Tommy Clark: I got you sponsored.
Adam Robinson: Yeah. Okay.
Tommy Clark: But have some way to capture traffic if you are growing an audience. I think early on, it probably makes the most sense for brands and founders to just focus strictly on social. And then once they get to a point where there is traction and there is clear demand for a newsletter or for a podcast to then start that because what'll happen if you do too much, too early? I think there are exceptions like I think for you, you just kind of did everything and were rushing.
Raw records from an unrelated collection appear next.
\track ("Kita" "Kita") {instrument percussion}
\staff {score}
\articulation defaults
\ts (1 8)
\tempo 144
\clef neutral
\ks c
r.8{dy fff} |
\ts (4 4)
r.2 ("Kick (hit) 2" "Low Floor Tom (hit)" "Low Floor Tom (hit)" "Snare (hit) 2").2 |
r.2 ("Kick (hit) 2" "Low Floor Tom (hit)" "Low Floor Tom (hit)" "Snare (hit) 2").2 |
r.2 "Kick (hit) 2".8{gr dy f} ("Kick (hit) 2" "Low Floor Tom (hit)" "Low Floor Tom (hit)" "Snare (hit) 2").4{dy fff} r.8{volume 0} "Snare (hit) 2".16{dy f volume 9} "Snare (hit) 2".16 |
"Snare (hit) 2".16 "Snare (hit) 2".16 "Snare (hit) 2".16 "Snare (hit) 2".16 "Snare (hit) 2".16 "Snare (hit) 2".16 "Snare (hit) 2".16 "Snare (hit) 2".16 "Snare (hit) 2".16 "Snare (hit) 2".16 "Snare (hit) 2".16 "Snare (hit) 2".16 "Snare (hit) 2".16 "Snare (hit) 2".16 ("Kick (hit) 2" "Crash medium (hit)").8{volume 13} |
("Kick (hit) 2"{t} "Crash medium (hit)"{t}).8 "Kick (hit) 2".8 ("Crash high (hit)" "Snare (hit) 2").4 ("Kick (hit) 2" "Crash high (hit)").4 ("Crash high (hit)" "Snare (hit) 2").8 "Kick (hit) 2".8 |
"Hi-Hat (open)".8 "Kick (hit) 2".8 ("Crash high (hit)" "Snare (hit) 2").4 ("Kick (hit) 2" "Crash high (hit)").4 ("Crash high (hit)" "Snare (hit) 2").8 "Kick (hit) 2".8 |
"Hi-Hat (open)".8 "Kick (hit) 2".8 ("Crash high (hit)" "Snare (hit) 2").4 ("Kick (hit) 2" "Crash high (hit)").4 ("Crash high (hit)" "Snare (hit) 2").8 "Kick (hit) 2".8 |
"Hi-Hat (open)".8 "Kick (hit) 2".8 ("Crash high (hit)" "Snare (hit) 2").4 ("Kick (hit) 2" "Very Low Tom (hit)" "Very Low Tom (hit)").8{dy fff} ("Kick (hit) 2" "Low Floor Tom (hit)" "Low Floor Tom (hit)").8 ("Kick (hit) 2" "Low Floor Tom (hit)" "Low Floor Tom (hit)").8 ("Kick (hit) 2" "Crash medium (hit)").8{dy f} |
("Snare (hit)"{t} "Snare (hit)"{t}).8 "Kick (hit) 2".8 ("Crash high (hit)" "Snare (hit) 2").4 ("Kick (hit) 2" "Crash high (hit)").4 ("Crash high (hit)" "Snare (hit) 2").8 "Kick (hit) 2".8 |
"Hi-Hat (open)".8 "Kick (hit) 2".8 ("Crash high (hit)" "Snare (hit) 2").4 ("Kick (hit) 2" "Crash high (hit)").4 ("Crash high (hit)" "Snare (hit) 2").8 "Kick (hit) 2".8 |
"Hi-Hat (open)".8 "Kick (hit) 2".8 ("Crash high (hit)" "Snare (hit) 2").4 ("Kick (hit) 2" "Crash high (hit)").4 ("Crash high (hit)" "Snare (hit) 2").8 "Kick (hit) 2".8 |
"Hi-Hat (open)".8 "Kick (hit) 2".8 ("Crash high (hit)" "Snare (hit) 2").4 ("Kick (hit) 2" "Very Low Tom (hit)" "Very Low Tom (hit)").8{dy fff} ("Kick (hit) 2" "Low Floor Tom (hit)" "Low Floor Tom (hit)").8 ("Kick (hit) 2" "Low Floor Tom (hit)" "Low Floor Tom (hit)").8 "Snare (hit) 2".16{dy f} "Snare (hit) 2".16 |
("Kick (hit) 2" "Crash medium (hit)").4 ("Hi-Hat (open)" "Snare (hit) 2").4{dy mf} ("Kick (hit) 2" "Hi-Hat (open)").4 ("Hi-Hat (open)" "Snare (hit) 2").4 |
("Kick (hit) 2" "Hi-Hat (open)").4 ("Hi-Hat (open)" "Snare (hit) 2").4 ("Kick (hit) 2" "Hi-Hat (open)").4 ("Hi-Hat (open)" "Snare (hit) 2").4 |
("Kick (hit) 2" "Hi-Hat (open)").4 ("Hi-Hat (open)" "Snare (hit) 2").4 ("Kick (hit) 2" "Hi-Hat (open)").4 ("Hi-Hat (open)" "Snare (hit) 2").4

Adam Robinson: Yeah. By the way, I have money to spend on it, too. You know, I have like a wildly cash flow-positive company and like I didn't care. Like, for instance, this podcast, I was thinking about it. I was like because Rabah is like, "Dude, start a podcast yesterday." That'd be the first thing I did. And then he talks to me. He's like, "No, man, like, do this one." I'm like I'm trying to think about how I would actually process what is necessary to go into a podcast from a production standpoint. And I was like, "There is no way I'm doing that with everything else I got." And then I was talking to this guy, Brad Weimert, who's got a podcast and he's like, "These guys will do it all for you and they're incredible. So, like they go through, they edit it all, they clip it up into video snippets that have quotes that go by them. They'll literally just like feed you everything to post on social media at some point." It's kind of like if you don't have someone doing that, it's not worth doing the podcast in the first place because if I didn't have those guys, all these recordings would just be sitting in the riverside and they never see the light of day.
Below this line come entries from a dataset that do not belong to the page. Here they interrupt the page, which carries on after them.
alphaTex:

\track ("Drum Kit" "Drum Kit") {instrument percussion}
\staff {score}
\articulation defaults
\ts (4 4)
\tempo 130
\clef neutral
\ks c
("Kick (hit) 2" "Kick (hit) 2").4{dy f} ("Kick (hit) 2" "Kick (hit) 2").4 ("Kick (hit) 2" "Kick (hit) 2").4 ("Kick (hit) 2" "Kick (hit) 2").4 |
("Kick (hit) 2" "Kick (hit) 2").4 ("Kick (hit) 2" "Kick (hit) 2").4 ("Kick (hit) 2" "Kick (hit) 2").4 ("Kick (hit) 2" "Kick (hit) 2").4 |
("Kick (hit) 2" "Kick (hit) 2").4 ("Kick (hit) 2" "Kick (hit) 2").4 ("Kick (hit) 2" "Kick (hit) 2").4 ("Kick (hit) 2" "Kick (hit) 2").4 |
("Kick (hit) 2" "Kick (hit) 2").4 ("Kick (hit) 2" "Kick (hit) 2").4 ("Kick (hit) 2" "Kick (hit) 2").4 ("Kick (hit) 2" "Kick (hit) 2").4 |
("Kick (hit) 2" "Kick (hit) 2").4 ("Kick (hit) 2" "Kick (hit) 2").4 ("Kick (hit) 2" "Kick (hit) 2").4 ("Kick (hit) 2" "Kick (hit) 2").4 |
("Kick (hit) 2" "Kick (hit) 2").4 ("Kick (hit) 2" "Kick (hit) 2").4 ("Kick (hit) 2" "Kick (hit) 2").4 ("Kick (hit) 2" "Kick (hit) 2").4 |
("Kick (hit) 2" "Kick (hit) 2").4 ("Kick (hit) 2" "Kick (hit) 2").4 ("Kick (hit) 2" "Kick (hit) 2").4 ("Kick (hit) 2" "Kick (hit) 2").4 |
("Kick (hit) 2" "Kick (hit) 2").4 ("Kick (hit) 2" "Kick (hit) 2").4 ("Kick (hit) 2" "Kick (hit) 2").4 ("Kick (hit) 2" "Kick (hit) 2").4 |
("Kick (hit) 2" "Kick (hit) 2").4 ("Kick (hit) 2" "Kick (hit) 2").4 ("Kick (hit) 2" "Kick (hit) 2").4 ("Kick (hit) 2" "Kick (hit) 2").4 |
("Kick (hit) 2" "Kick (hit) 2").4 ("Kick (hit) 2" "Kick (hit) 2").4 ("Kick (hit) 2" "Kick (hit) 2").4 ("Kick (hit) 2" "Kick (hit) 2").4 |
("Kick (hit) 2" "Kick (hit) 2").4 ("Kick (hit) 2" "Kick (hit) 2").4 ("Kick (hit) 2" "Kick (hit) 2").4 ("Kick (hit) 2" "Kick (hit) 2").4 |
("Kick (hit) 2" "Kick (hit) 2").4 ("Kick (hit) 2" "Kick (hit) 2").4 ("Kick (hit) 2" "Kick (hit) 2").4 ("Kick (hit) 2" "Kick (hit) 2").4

Tommy Clark: 100%. Yeah. There definitely is a ranking in like prioritization that you should go through, especially if you're resource-strapped. If you have a wildly cash flow-positive business, then cool. Do everything.
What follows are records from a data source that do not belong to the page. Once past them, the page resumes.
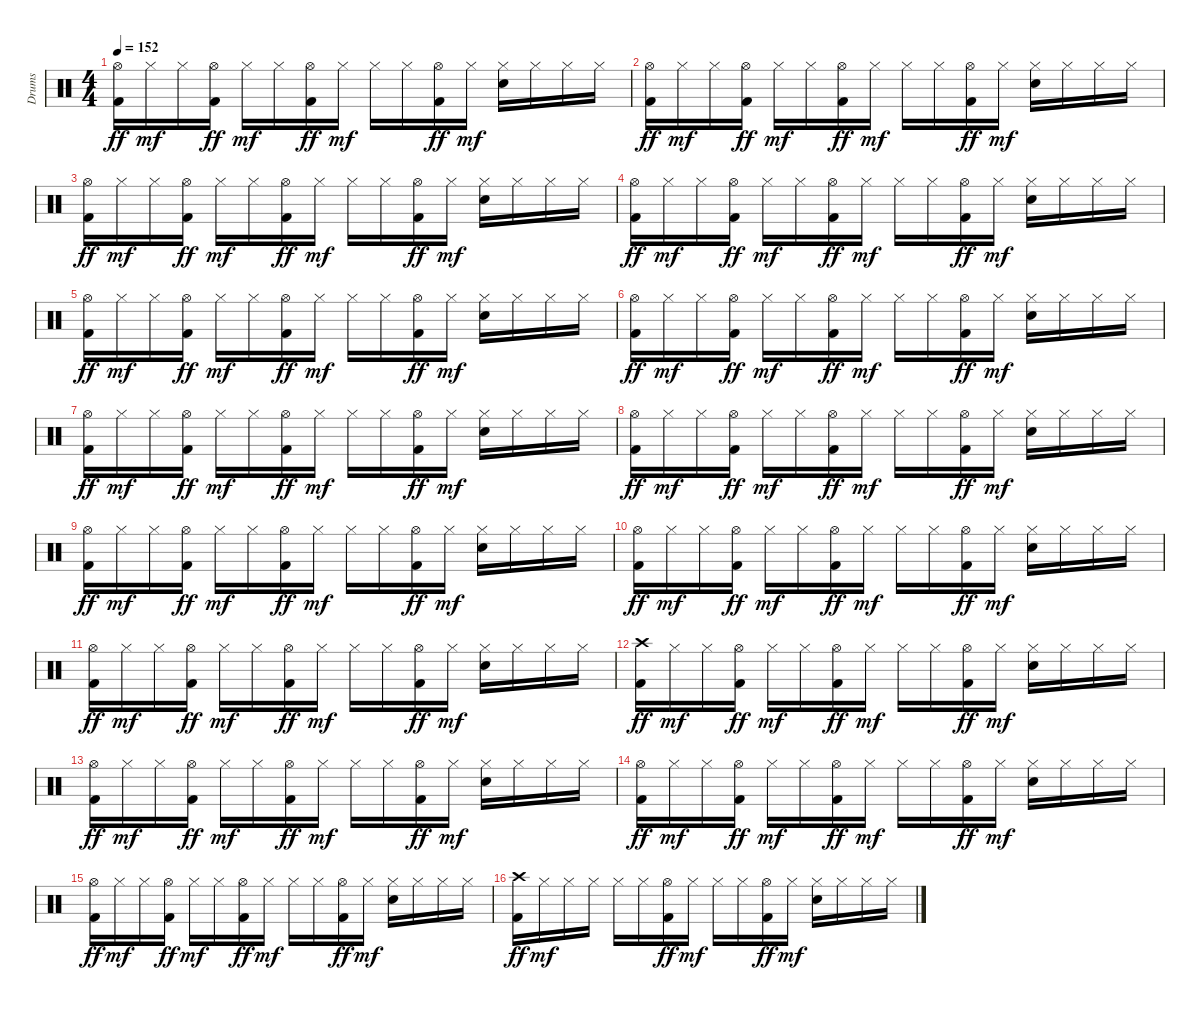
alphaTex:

\track ("Drums" "Drums") {instrument percussion}
\staff {score}
\articulation defaults
\ts (4 4)
\tempo 152
\clef neutral
\ks c
("Hi-Hat (open)" "Kick (hit) 2").16{dy ff} "Hi-Hat (closed)".16{dy mf} "Hi-Hat (closed)".16 ("Hi-Hat (open)" "Kick (hit) 2").16{dy ff} "Hi-Hat (closed)".16{dy mf} "Hi-Hat (closed)".16 ("Hi-Hat (open)" "Kick (hit) 2").16{dy ff} "Hi-Hat (closed)".16{dy mf} "Hi-Hat (closed)".16 "Hi-Hat (closed)".16 ("Hi-Hat (open)" "Kick (hit) 2").16{dy ff} "Hi-Hat (closed)".16{dy mf} ("Hi-Hat (closed)" "Snare (hit) 2").16 "Hi-Hat (closed)".16 "Hi-Hat (closed)".16 "Hi-Hat (closed)".16 |
("Hi-Hat (open)" "Kick (hit) 2").16{dy ff} "Hi-Hat (closed)".16{dy mf} "Hi-Hat (closed)".16 ("Hi-Hat (open)" "Kick (hit) 2").16{dy ff} "Hi-Hat (closed)".16{dy mf} "Hi-Hat (closed)".16 ("Hi-Hat (open)" "Kick (hit) 2").16{dy ff} "Hi-Hat (closed)".16{dy mf} "Hi-Hat (closed)".16 "Hi-Hat (closed)".16 ("Hi-Hat (open)" "Kick (hit) 2").16{dy ff} "Hi-Hat (closed)".16{dy mf} ("Hi-Hat (closed)" "Snare (hit) 2").16 "Hi-Hat (closed)".16 "Hi-Hat (closed)".16 "Hi-Hat (closed)".16 |
("Hi-Hat (open)" "Kick (hit) 2").16{dy ff} "Hi-Hat (closed)".16{dy mf} "Hi-Hat (closed)".16 ("Hi-Hat (open)" "Kick (hit) 2").16{dy ff} "Hi-Hat (closed)".16{dy mf} "Hi-Hat (closed)".16 ("Hi-Hat (open)" "Kick (hit) 2").16{dy ff} "Hi-Hat (closed)".16{dy mf} "Hi-Hat (closed)".16 "Hi-Hat (closed)".16 ("Hi-Hat (open)" "Kick (hit) 2").16{dy ff} "Hi-Hat (closed)".16{dy mf} ("Hi-Hat (closed)" "Snare (hit) 2").16 "Hi-Hat (closed)".16 "Hi-Hat (closed)".16 "Hi-Hat (closed)".16 |
("Hi-Hat (open)" "Kick (hit) 2").16{dy ff} "Hi-Hat (closed)".16{dy mf} "Hi-Hat (closed)".16 ("Hi-Hat (open)" "Kick (hit) 2").16{dy ff} "Hi-Hat (closed)".16{dy mf} "Hi-Hat (closed)".16 ("Hi-Hat (open)" "Kick (hit) 2").16{dy ff} "Hi-Hat (closed)".16{dy mf} "Hi-Hat (closed)".16 "Hi-Hat (closed)".16 ("Hi-Hat (open)" "Kick (hit) 2").16{dy ff} "Hi-Hat (closed)".16{dy mf} ("Hi-Hat (closed)" "Snare (hit) 2").16 "Hi-Hat (closed)".16 "Hi-Hat (closed)".16 "Hi-Hat (closed)".16 |
("Hi-Hat (open)" "Kick (hit) 2").16{dy ff} "Hi-Hat (closed)".16{dy mf} "Hi-Hat (closed)".16 ("Hi-Hat (open)" "Kick (hit) 2").16{dy ff} "Hi-Hat (closed)".16{dy mf} "Hi-Hat (closed)".16 ("Hi-Hat (open)" "Kick (hit) 2").16{dy ff} "Hi-Hat (closed)".16{dy mf} "Hi-Hat (closed)".16 "Hi-Hat (closed)".16 ("Hi-Hat (open)" "Kick (hit) 2").16{dy ff} "Hi-Hat (closed)".16{dy mf} ("Hi-Hat (closed)" "Snare (hit) 2").16 "Hi-Hat (closed)".16 "Hi-Hat (closed)".16 "Hi-Hat (closed)".16 |
("Hi-Hat (open)" "Kick (hit) 2").16{dy ff} "Hi-Hat (closed)".16{dy mf} "Hi-Hat (closed)".16 ("Hi-Hat (open)" "Kick (hit) 2").16{dy ff} "Hi-Hat (closed)".16{dy mf} "Hi-Hat (closed)".16 ("Hi-Hat (open)" "Kick (hit) 2").16{dy ff} "Hi-Hat (closed)".16{dy mf} "Hi-Hat (closed)".16 "Hi-Hat (closed)".16 ("Hi-Hat (open)" "Kick (hit) 2").16{dy ff} "Hi-Hat (closed)".16{dy mf} ("Hi-Hat (closed)" "Snare (hit) 2").16 "Hi-Hat (closed)".16 "Hi-Hat (closed)".16 "Hi-Hat (closed)".16 |
("Hi-Hat (open)" "Kick (hit) 2").16{dy ff} "Hi-Hat (closed)".16{dy mf} "Hi-Hat (closed)".16 ("Hi-Hat (open)" "Kick (hit) 2").16{dy ff} "Hi-Hat (closed)".16{dy mf} "Hi-Hat (closed)".16 ("Hi-Hat (open)" "Kick (hit) 2").16{dy ff} "Hi-Hat (closed)".16{dy mf} "Hi-Hat (closed)".16 "Hi-Hat (closed)".16 ("Hi-Hat (open)" "Kick (hit) 2").16{dy ff} "Hi-Hat (closed)".16{dy mf} ("Hi-Hat (closed)" "Snare (hit) 2").16 "Hi-Hat (closed)".16 "Hi-Hat (closed)".16 "Hi-Hat (closed)".16 |
("Hi-Hat (open)" "Kick (hit) 2").16{dy ff} "Hi-Hat (closed)".16{dy mf} "Hi-Hat (closed)".16 ("Hi-Hat (open)" "Kick (hit) 2").16{dy ff} "Hi-Hat (closed)".16{dy mf} "Hi-Hat (closed)".16 ("Hi-Hat (open)" "Kick (hit) 2").16{dy ff} "Hi-Hat (closed)".16{dy mf} "Hi-Hat (closed)".16 "Hi-Hat (closed)".16 ("Hi-Hat (open)" "Kick (hit) 2").16{dy ff} "Hi-Hat (closed)".16{dy mf} ("Hi-Hat (closed)" "Snare (hit) 2").16 "Hi-Hat (closed)".16 "Hi-Hat (closed)".16 "Hi-Hat (closed)".16 |
("Hi-Hat (open)" "Kick (hit) 2").16{dy ff} "Hi-Hat (closed)".16{dy mf} "Hi-Hat (closed)".16 ("Hi-Hat (open)" "Kick (hit) 2").16{dy ff} "Hi-Hat (closed)".16{dy mf} "Hi-Hat (closed)".16 ("Hi-Hat (open)" "Kick (hit) 2").16{dy ff} "Hi-Hat (closed)".16{dy mf} "Hi-Hat (closed)".16 "Hi-Hat (closed)".16 ("Hi-Hat (open)" "Kick (hit) 2").16{dy ff} "Hi-Hat (closed)".16{dy mf} ("Hi-Hat (closed)" "Snare (hit) 2").16 "Hi-Hat (closed)".16 "Hi-Hat (closed)".16 "Hi-Hat (closed)".16 |
("Hi-Hat (open)" "Kick (hit) 2").16{dy ff} "Hi-Hat (closed)".16{dy mf} "Hi-Hat (closed)".16 ("Hi-Hat (open)" "Kick (hit) 2").16{dy ff} "Hi-Hat (closed)".16{dy mf} "Hi-Hat (closed)".16 ("Hi-Hat (open)" "Kick (hit) 2").16{dy ff} "Hi-Hat (closed)".16{dy mf} "Hi-Hat (closed)".16 "Hi-Hat (closed)".16 ("Hi-Hat (open)" "Kick (hit) 2").16{dy ff} "Hi-Hat (closed)".16{dy mf} ("Hi-Hat (closed)" "Snare (hit) 2").16 "Hi-Hat (closed)".16 "Hi-Hat (closed)".16 "Hi-Hat (closed)".16 |
("Hi-Hat (open)" "Kick (hit) 2").16{dy ff} "Hi-Hat (closed)".16{dy mf} "Hi-Hat (closed)".16 ("Hi-Hat (open)" "Kick (hit) 2").16{dy ff} "Hi-Hat (closed)".16{dy mf} "Hi-Hat (closed)".16 ("Hi-Hat (open)" "Kick (hit) 2").16{dy ff} "Hi-Hat (closed)".16{dy mf} "Hi-Hat (closed)".16 "Hi-Hat (closed)".16 ("Hi-Hat (open)" "Kick (hit) 2").16{dy ff} "Hi-Hat (closed)".16{dy mf} ("Hi-Hat (closed)" "Snare (hit) 2").16 "Hi-Hat (closed)".16 "Hi-Hat (closed)".16 "Hi-Hat (closed)".16 |
("Crash high (hit)" "Kick (hit) 2").16{dy ff} "Hi-Hat (closed)".16{dy mf} "Hi-Hat (closed)".16 ("Hi-Hat (open)" "Kick (hit) 2").16{dy ff} "Hi-Hat (closed)".16{dy mf} "Hi-Hat (closed)".16 ("Hi-Hat (open)" "Kick (hit) 2").16{dy ff} "Hi-Hat (closed)".16{dy mf} "Hi-Hat (closed)".16 "Hi-Hat (closed)".16 ("Hi-Hat (open)" "Kick (hit) 2").16{dy ff} "Hi-Hat (closed)".16{dy mf} ("Hi-Hat (closed)" "Snare (hit) 2").16 "Hi-Hat (closed)".16 "Hi-Hat (closed)".16 "Hi-Hat (closed)".16 |
("Hi-Hat (open)" "Kick (hit) 2").16{dy ff} "Hi-Hat (closed)".16{dy mf} "Hi-Hat (closed)".16 ("Hi-Hat (open)" "Kick (hit) 2").16{dy ff} "Hi-Hat (closed)".16{dy mf} "Hi-Hat (closed)".16 ("Hi-Hat (open)" "Kick (hit) 2").16{dy ff} "Hi-Hat (closed)".16{dy mf} "Hi-Hat (closed)".16 "Hi-Hat (closed)".16 ("Hi-Hat (open)" "Kick (hit) 2").16{dy ff} "Hi-Hat (closed)".16{dy mf} ("Hi-Hat (closed)" "Snare (hit) 2").16 "Hi-Hat (closed)".16 "Hi-Hat (closed)".16 "Hi-Hat (closed)".16 |
("Hi-Hat (open)" "Kick (hit) 2").16{dy ff} "Hi-Hat (closed)".16{dy mf} "Hi-Hat (closed)".16 ("Hi-Hat (open)" "Kick (hit) 2").16{dy ff} "Hi-Hat (closed)".16{dy mf} "Hi-Hat (closed)".16 ("Hi-Hat (open)" "Kick (hit) 2").16{dy ff} "Hi-Hat (closed)".16{dy mf} "Hi-Hat (closed)".16 "Hi-Hat (closed)".16 ("Hi-Hat (open)" "Kick (hit) 2").16{dy ff} "Hi-Hat (closed)".16{dy mf} ("Hi-Hat (closed)" "Snare (hit) 2").16 "Hi-Hat (closed)".16 "Hi-Hat (closed)".16 "Hi-Hat (closed)".16 |
("Hi-Hat (open)" "Kick (hit) 2").16{dy ff} "Hi-Hat (closed)".16{dy mf} "Hi-Hat (closed)".16 ("Hi-Hat (open)" "Kick (hit) 2").16{dy ff} "Hi-Hat (closed)".16{dy mf} "Hi-Hat (closed)".16 ("Hi-Hat (open)" "Kick (hit) 2").16{dy ff} "Hi-Hat (closed)".16{dy mf} "Hi-Hat (closed)".16 "Hi-Hat (closed)".16 ("Hi-Hat (open)" "Kick (hit) 2").16{dy ff} "Hi-Hat (closed)".16{dy mf} ("Hi-Hat (closed)" "Snare (hit) 2").16 "Hi-Hat (closed)".16 "Hi-Hat (closed)".16 "Hi-Hat (closed)".16 |
("Crash high (hit)" "Kick (hit) 2").16{dy ff} "Hi-Hat (closed)".16{dy mf} "Hi-Hat (closed)".16 "Hi-Hat (closed)".16 "Hi-Hat (closed)".16 "Hi-Hat (closed)".16 ("Hi-Hat (open)" "Kick (hit) 2").16{dy ff} "Hi-Hat (closed)".16{dy mf} "Hi-Hat (closed)".16 "Hi-Hat (closed)".16 ("Hi-Hat (open)" "Kick (hit) 2").16{dy ff} "Hi-Hat (closed)".16{dy mf} ("Hi-Hat (closed)" "Snare (hit) 2").16 "Hi-Hat (closed)".16 "Hi-Hat (closed)".16 "Hi-Hat (closed)".16

Adam Robinson: So, yeah, exactly. Just make sure you have the right people doing it, but like do it all. Like, my thing was like I just need my life, as crazy as it's getting right now, I need to only spend like 2 or 3 hours a week on this and it needs to be Monday morning. So, well, aside from these podcast recordings, which I've allowed every other week like four people to sort of book on Thursdays. That's kind of like how I've done it, which is it feels busy sometimes but like it's very manageable. That's not a lot. For the amount of production that's getting posted right now, I think anybody would be like, "That's probably worth the two-and-a-half hours," because like the way we're sort of working together, it's like it's still my words, it's still like I'm doing a lot of video which gets, you know, like Mason will watch the video and then make it into a newsletter or whatever. Like kind of doing the same thing with LinkedIn. If I was just doing this myself like it would be all that I was doing and I still...
Tommy Clark: Yeah. I would just do LinkedIn. I think LinkedIn is probably the lowest-hanging fruit.
Adam Robinson: Totally. Immediately like Chase was like, well, Chase is full-time social media now basically. He's kind of like, I would say he's an advisor at his own agency but he's like the top of funnel for it through social media. But he's like, "I do three posts a day on both platforms," and they're thoughtful, right? Like, it takes a lot of time. Oh, another thing that when you were saying like people need a reason to follow you, what popped into my head was like, what Chase, this is so boss. It's like, "Follow me if you want to become a better writer." That is such a boss thing to say, you know? Like some of his posts are so, I mean, that's just the example of copywriting, right? Like that's so elegant. I'm not going to make a political comment here but like in the same way that if you were to objectively look at the words Black Lives Matter standing there, that is an impossible phrase to go against from a mental standpoint, right? Like, you have to be behind those three words.
Tommy Clark: Yeah.
Adam Robinson: There is no you. Of course, black lives matter. White lives matter. Green lives matter but you know what I mean? It's like follow me if you want to become a better writer. It's like a statement like this. Like, of course, I want, you know. There's not a person alive that would not want to become a better writer. So, it's like just this amazing hook, you know? So, what advice would you give explicitly to someone in college who wants to start a career in social?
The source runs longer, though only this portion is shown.